Les centralités dynamiques

Ces centralités dynamiques prennent différentes formes : en périphérie des villes denses, autour de zones commerciales, le long d’axes routiers ou au cœur de nœuds de transports en commun intégrant des microcentralités servicielles et commerciales, etc. Leur dynamisme découle principalement de leur connexion avec les réseaux de mobilité, mais aussi de leur monofonctionnalité. Elles constituent des lieux de flux dans un quotidien mobile où le déplacement fait sens au-delà de la simple contrainte. Les multiples « drives » les représentent fort bien. Ces centralités sont aujourd’hui partie prenante du mode de vie « urbain » et constituent ainsi un diffuseur discret de la métropolisation.

Les centres attractifs des métropoles

Troisième type de centralité interrogée, celles des centres attractifs et valorisés, notamment des villes dites « métropoles ». Leurs principaux attributs sont valorisés : animation urbaine, diversité de l’offre commerciale, attractivité résidentielle, hub des réseaux de déplacement, équipements culturels d’envergure, espaces publics retravaillés, valeurs foncières élevées.

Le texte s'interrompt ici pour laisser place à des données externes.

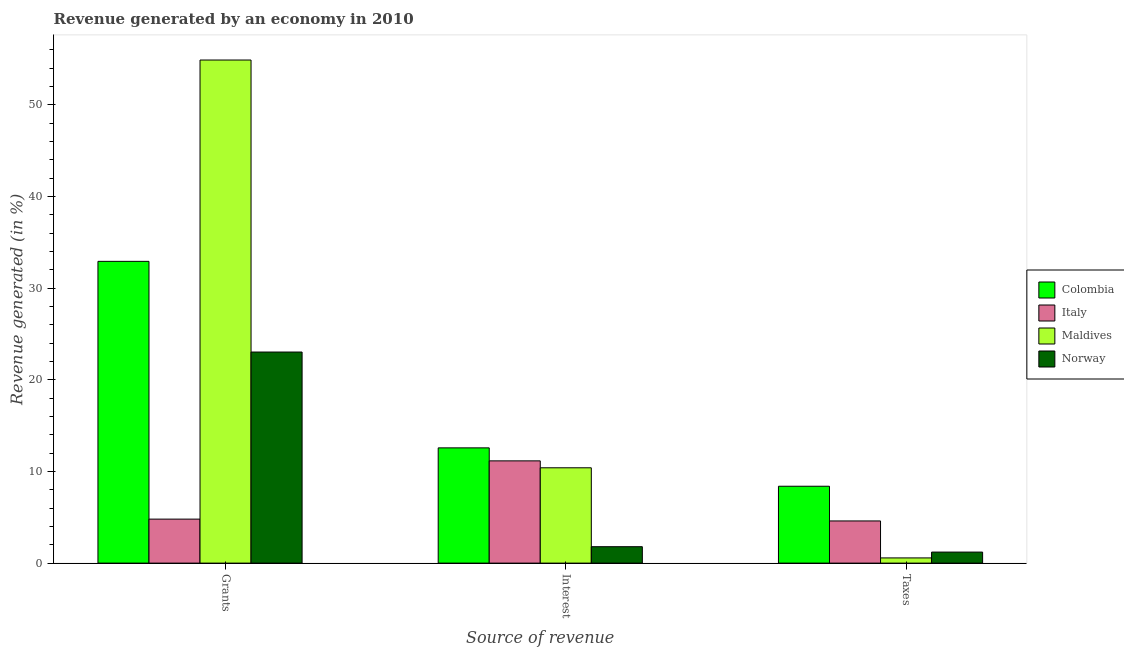How many different coloured bars are there?
Your answer should be very brief. 4. How many bars are there on the 1st tick from the right?
Your answer should be compact. 4. What is the label of the 2nd group of bars from the left?
Give a very brief answer. Interest. What is the percentage of revenue generated by interest in Norway?
Make the answer very short. 1.79. Across all countries, what is the maximum percentage of revenue generated by grants?
Provide a succinct answer. 54.89. Across all countries, what is the minimum percentage of revenue generated by interest?
Offer a very short reply. 1.79. In which country was the percentage of revenue generated by grants minimum?
Your answer should be very brief. Italy. What is the total percentage of revenue generated by grants in the graph?
Keep it short and to the point. 115.64. What is the difference between the percentage of revenue generated by grants in Norway and that in Maldives?
Give a very brief answer. -31.86. What is the difference between the percentage of revenue generated by grants in Colombia and the percentage of revenue generated by taxes in Norway?
Give a very brief answer. 31.72. What is the average percentage of revenue generated by grants per country?
Offer a very short reply. 28.91. What is the difference between the percentage of revenue generated by taxes and percentage of revenue generated by interest in Italy?
Your answer should be compact. -6.55. In how many countries, is the percentage of revenue generated by grants greater than 34 %?
Keep it short and to the point. 1. What is the ratio of the percentage of revenue generated by taxes in Colombia to that in Maldives?
Give a very brief answer. 14.77. What is the difference between the highest and the second highest percentage of revenue generated by grants?
Give a very brief answer. 21.97. What is the difference between the highest and the lowest percentage of revenue generated by grants?
Your answer should be very brief. 50.09. Is it the case that in every country, the sum of the percentage of revenue generated by grants and percentage of revenue generated by interest is greater than the percentage of revenue generated by taxes?
Offer a terse response. Yes. How many bars are there?
Your answer should be compact. 12. Are all the bars in the graph horizontal?
Offer a terse response. No. How many countries are there in the graph?
Provide a short and direct response. 4. What is the difference between two consecutive major ticks on the Y-axis?
Offer a very short reply. 10. Are the values on the major ticks of Y-axis written in scientific E-notation?
Offer a very short reply. No. Does the graph contain any zero values?
Your response must be concise. No. Where does the legend appear in the graph?
Keep it short and to the point. Center right. What is the title of the graph?
Provide a short and direct response. Revenue generated by an economy in 2010. Does "OECD members" appear as one of the legend labels in the graph?
Provide a succinct answer. No. What is the label or title of the X-axis?
Provide a succinct answer. Source of revenue. What is the label or title of the Y-axis?
Give a very brief answer. Revenue generated (in %). What is the Revenue generated (in %) of Colombia in Grants?
Give a very brief answer. 32.92. What is the Revenue generated (in %) of Italy in Grants?
Offer a very short reply. 4.8. What is the Revenue generated (in %) in Maldives in Grants?
Give a very brief answer. 54.89. What is the Revenue generated (in %) in Norway in Grants?
Provide a succinct answer. 23.03. What is the Revenue generated (in %) in Colombia in Interest?
Offer a very short reply. 12.57. What is the Revenue generated (in %) of Italy in Interest?
Make the answer very short. 11.16. What is the Revenue generated (in %) of Maldives in Interest?
Keep it short and to the point. 10.4. What is the Revenue generated (in %) in Norway in Interest?
Your response must be concise. 1.79. What is the Revenue generated (in %) of Colombia in Taxes?
Your response must be concise. 8.39. What is the Revenue generated (in %) of Italy in Taxes?
Your answer should be compact. 4.6. What is the Revenue generated (in %) in Maldives in Taxes?
Ensure brevity in your answer.  0.57. What is the Revenue generated (in %) in Norway in Taxes?
Your answer should be compact. 1.2. Across all Source of revenue, what is the maximum Revenue generated (in %) of Colombia?
Offer a terse response. 32.92. Across all Source of revenue, what is the maximum Revenue generated (in %) of Italy?
Provide a succinct answer. 11.16. Across all Source of revenue, what is the maximum Revenue generated (in %) in Maldives?
Provide a succinct answer. 54.89. Across all Source of revenue, what is the maximum Revenue generated (in %) of Norway?
Provide a succinct answer. 23.03. Across all Source of revenue, what is the minimum Revenue generated (in %) of Colombia?
Your response must be concise. 8.39. Across all Source of revenue, what is the minimum Revenue generated (in %) of Italy?
Make the answer very short. 4.6. Across all Source of revenue, what is the minimum Revenue generated (in %) in Maldives?
Keep it short and to the point. 0.57. Across all Source of revenue, what is the minimum Revenue generated (in %) of Norway?
Your response must be concise. 1.2. What is the total Revenue generated (in %) of Colombia in the graph?
Ensure brevity in your answer.  53.89. What is the total Revenue generated (in %) of Italy in the graph?
Keep it short and to the point. 20.56. What is the total Revenue generated (in %) in Maldives in the graph?
Your answer should be very brief. 65.86. What is the total Revenue generated (in %) in Norway in the graph?
Make the answer very short. 26.02. What is the difference between the Revenue generated (in %) in Colombia in Grants and that in Interest?
Your answer should be compact. 20.35. What is the difference between the Revenue generated (in %) of Italy in Grants and that in Interest?
Offer a terse response. -6.36. What is the difference between the Revenue generated (in %) in Maldives in Grants and that in Interest?
Keep it short and to the point. 44.49. What is the difference between the Revenue generated (in %) of Norway in Grants and that in Interest?
Provide a succinct answer. 21.24. What is the difference between the Revenue generated (in %) of Colombia in Grants and that in Taxes?
Provide a succinct answer. 24.54. What is the difference between the Revenue generated (in %) in Italy in Grants and that in Taxes?
Provide a succinct answer. 0.2. What is the difference between the Revenue generated (in %) in Maldives in Grants and that in Taxes?
Offer a terse response. 54.32. What is the difference between the Revenue generated (in %) of Norway in Grants and that in Taxes?
Provide a short and direct response. 21.83. What is the difference between the Revenue generated (in %) of Colombia in Interest and that in Taxes?
Offer a very short reply. 4.19. What is the difference between the Revenue generated (in %) in Italy in Interest and that in Taxes?
Keep it short and to the point. 6.55. What is the difference between the Revenue generated (in %) in Maldives in Interest and that in Taxes?
Keep it short and to the point. 9.83. What is the difference between the Revenue generated (in %) of Norway in Interest and that in Taxes?
Offer a terse response. 0.59. What is the difference between the Revenue generated (in %) in Colombia in Grants and the Revenue generated (in %) in Italy in Interest?
Your answer should be very brief. 21.77. What is the difference between the Revenue generated (in %) of Colombia in Grants and the Revenue generated (in %) of Maldives in Interest?
Keep it short and to the point. 22.52. What is the difference between the Revenue generated (in %) of Colombia in Grants and the Revenue generated (in %) of Norway in Interest?
Your answer should be very brief. 31.13. What is the difference between the Revenue generated (in %) in Italy in Grants and the Revenue generated (in %) in Maldives in Interest?
Provide a succinct answer. -5.6. What is the difference between the Revenue generated (in %) of Italy in Grants and the Revenue generated (in %) of Norway in Interest?
Ensure brevity in your answer.  3.01. What is the difference between the Revenue generated (in %) in Maldives in Grants and the Revenue generated (in %) in Norway in Interest?
Offer a terse response. 53.1. What is the difference between the Revenue generated (in %) in Colombia in Grants and the Revenue generated (in %) in Italy in Taxes?
Make the answer very short. 28.32. What is the difference between the Revenue generated (in %) in Colombia in Grants and the Revenue generated (in %) in Maldives in Taxes?
Keep it short and to the point. 32.36. What is the difference between the Revenue generated (in %) in Colombia in Grants and the Revenue generated (in %) in Norway in Taxes?
Make the answer very short. 31.72. What is the difference between the Revenue generated (in %) in Italy in Grants and the Revenue generated (in %) in Maldives in Taxes?
Your response must be concise. 4.23. What is the difference between the Revenue generated (in %) of Italy in Grants and the Revenue generated (in %) of Norway in Taxes?
Your answer should be compact. 3.6. What is the difference between the Revenue generated (in %) in Maldives in Grants and the Revenue generated (in %) in Norway in Taxes?
Ensure brevity in your answer.  53.69. What is the difference between the Revenue generated (in %) of Colombia in Interest and the Revenue generated (in %) of Italy in Taxes?
Offer a terse response. 7.97. What is the difference between the Revenue generated (in %) in Colombia in Interest and the Revenue generated (in %) in Maldives in Taxes?
Give a very brief answer. 12.01. What is the difference between the Revenue generated (in %) of Colombia in Interest and the Revenue generated (in %) of Norway in Taxes?
Give a very brief answer. 11.37. What is the difference between the Revenue generated (in %) in Italy in Interest and the Revenue generated (in %) in Maldives in Taxes?
Ensure brevity in your answer.  10.59. What is the difference between the Revenue generated (in %) in Italy in Interest and the Revenue generated (in %) in Norway in Taxes?
Offer a very short reply. 9.95. What is the difference between the Revenue generated (in %) of Maldives in Interest and the Revenue generated (in %) of Norway in Taxes?
Offer a terse response. 9.2. What is the average Revenue generated (in %) in Colombia per Source of revenue?
Your answer should be compact. 17.96. What is the average Revenue generated (in %) in Italy per Source of revenue?
Provide a succinct answer. 6.85. What is the average Revenue generated (in %) of Maldives per Source of revenue?
Provide a short and direct response. 21.95. What is the average Revenue generated (in %) of Norway per Source of revenue?
Offer a very short reply. 8.67. What is the difference between the Revenue generated (in %) of Colombia and Revenue generated (in %) of Italy in Grants?
Your response must be concise. 28.12. What is the difference between the Revenue generated (in %) in Colombia and Revenue generated (in %) in Maldives in Grants?
Give a very brief answer. -21.97. What is the difference between the Revenue generated (in %) in Colombia and Revenue generated (in %) in Norway in Grants?
Ensure brevity in your answer.  9.89. What is the difference between the Revenue generated (in %) of Italy and Revenue generated (in %) of Maldives in Grants?
Provide a short and direct response. -50.09. What is the difference between the Revenue generated (in %) of Italy and Revenue generated (in %) of Norway in Grants?
Offer a terse response. -18.23. What is the difference between the Revenue generated (in %) of Maldives and Revenue generated (in %) of Norway in Grants?
Provide a short and direct response. 31.86. What is the difference between the Revenue generated (in %) in Colombia and Revenue generated (in %) in Italy in Interest?
Provide a succinct answer. 1.42. What is the difference between the Revenue generated (in %) in Colombia and Revenue generated (in %) in Maldives in Interest?
Provide a short and direct response. 2.17. What is the difference between the Revenue generated (in %) in Colombia and Revenue generated (in %) in Norway in Interest?
Make the answer very short. 10.78. What is the difference between the Revenue generated (in %) of Italy and Revenue generated (in %) of Maldives in Interest?
Keep it short and to the point. 0.75. What is the difference between the Revenue generated (in %) in Italy and Revenue generated (in %) in Norway in Interest?
Your answer should be compact. 9.36. What is the difference between the Revenue generated (in %) of Maldives and Revenue generated (in %) of Norway in Interest?
Ensure brevity in your answer.  8.61. What is the difference between the Revenue generated (in %) of Colombia and Revenue generated (in %) of Italy in Taxes?
Give a very brief answer. 3.79. What is the difference between the Revenue generated (in %) in Colombia and Revenue generated (in %) in Maldives in Taxes?
Make the answer very short. 7.82. What is the difference between the Revenue generated (in %) of Colombia and Revenue generated (in %) of Norway in Taxes?
Your response must be concise. 7.18. What is the difference between the Revenue generated (in %) in Italy and Revenue generated (in %) in Maldives in Taxes?
Offer a very short reply. 4.03. What is the difference between the Revenue generated (in %) in Italy and Revenue generated (in %) in Norway in Taxes?
Your answer should be very brief. 3.4. What is the difference between the Revenue generated (in %) in Maldives and Revenue generated (in %) in Norway in Taxes?
Offer a very short reply. -0.64. What is the ratio of the Revenue generated (in %) of Colombia in Grants to that in Interest?
Give a very brief answer. 2.62. What is the ratio of the Revenue generated (in %) in Italy in Grants to that in Interest?
Make the answer very short. 0.43. What is the ratio of the Revenue generated (in %) of Maldives in Grants to that in Interest?
Give a very brief answer. 5.28. What is the ratio of the Revenue generated (in %) of Norway in Grants to that in Interest?
Make the answer very short. 12.86. What is the ratio of the Revenue generated (in %) in Colombia in Grants to that in Taxes?
Your answer should be very brief. 3.93. What is the ratio of the Revenue generated (in %) in Italy in Grants to that in Taxes?
Give a very brief answer. 1.04. What is the ratio of the Revenue generated (in %) of Maldives in Grants to that in Taxes?
Keep it short and to the point. 96.65. What is the ratio of the Revenue generated (in %) of Norway in Grants to that in Taxes?
Provide a short and direct response. 19.14. What is the ratio of the Revenue generated (in %) of Colombia in Interest to that in Taxes?
Your answer should be very brief. 1.5. What is the ratio of the Revenue generated (in %) of Italy in Interest to that in Taxes?
Offer a terse response. 2.42. What is the ratio of the Revenue generated (in %) in Maldives in Interest to that in Taxes?
Provide a succinct answer. 18.31. What is the ratio of the Revenue generated (in %) in Norway in Interest to that in Taxes?
Ensure brevity in your answer.  1.49. What is the difference between the highest and the second highest Revenue generated (in %) in Colombia?
Offer a terse response. 20.35. What is the difference between the highest and the second highest Revenue generated (in %) of Italy?
Your response must be concise. 6.36. What is the difference between the highest and the second highest Revenue generated (in %) of Maldives?
Your answer should be very brief. 44.49. What is the difference between the highest and the second highest Revenue generated (in %) in Norway?
Provide a succinct answer. 21.24. What is the difference between the highest and the lowest Revenue generated (in %) in Colombia?
Give a very brief answer. 24.54. What is the difference between the highest and the lowest Revenue generated (in %) in Italy?
Offer a terse response. 6.55. What is the difference between the highest and the lowest Revenue generated (in %) of Maldives?
Provide a succinct answer. 54.32. What is the difference between the highest and the lowest Revenue generated (in %) of Norway?
Offer a terse response. 21.83.

Si ces attributs participent directement du fonctionnement de l’économie urbaine locale, leurs aspects négatifs sont multiples : difficultés à se loger, encombrements des trafics, « élitisation » commerciale, accessibilité culturelle en débat. Ainsi, la question de l’habitabilité de ces centres est-elle liée à leurs trajectoires de valorisation. Qui peut y vivre durablement ? Comment seront-ils valorisés demain si la polycentralité et la virtualisation des échanges gagnent encore du terrain ?

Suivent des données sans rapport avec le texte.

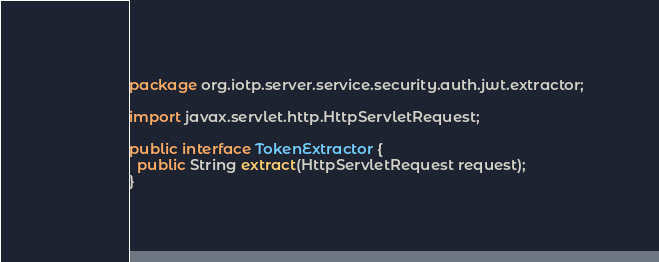<code> <loc_0><loc_0><loc_500><loc_500><_Java_>package org.iotp.server.service.security.auth.jwt.extractor;

import javax.servlet.http.HttpServletRequest;

public interface TokenExtractor {
  public String extract(HttpServletRequest request);
}</code>

Fait social et spatial global, la métropolisation impacte aujourd’hui en France tous les territoires, avec des degrés variables et des formes diverses. Concentrant ou dispersant des individus, des bâtis, des fonctions et les mettant en mobilité, la métropolisation modifie les équilibres fonctionnels et sociaux des centres hérités et fait émerger de nouvelles centralités. Si pour l’analyse on peut distinguer des processus distincts à l’œuvre dans les centres et les centralités, ils doivent cependant être considérés comme faisant système du point de vue des espaces vécus. Comprendre ces manières d’habiter les centres et les centralités, à des échelles spatiales et temporelles variées, constitue un des chantiers ouverts de l’analyse de la métropolisation.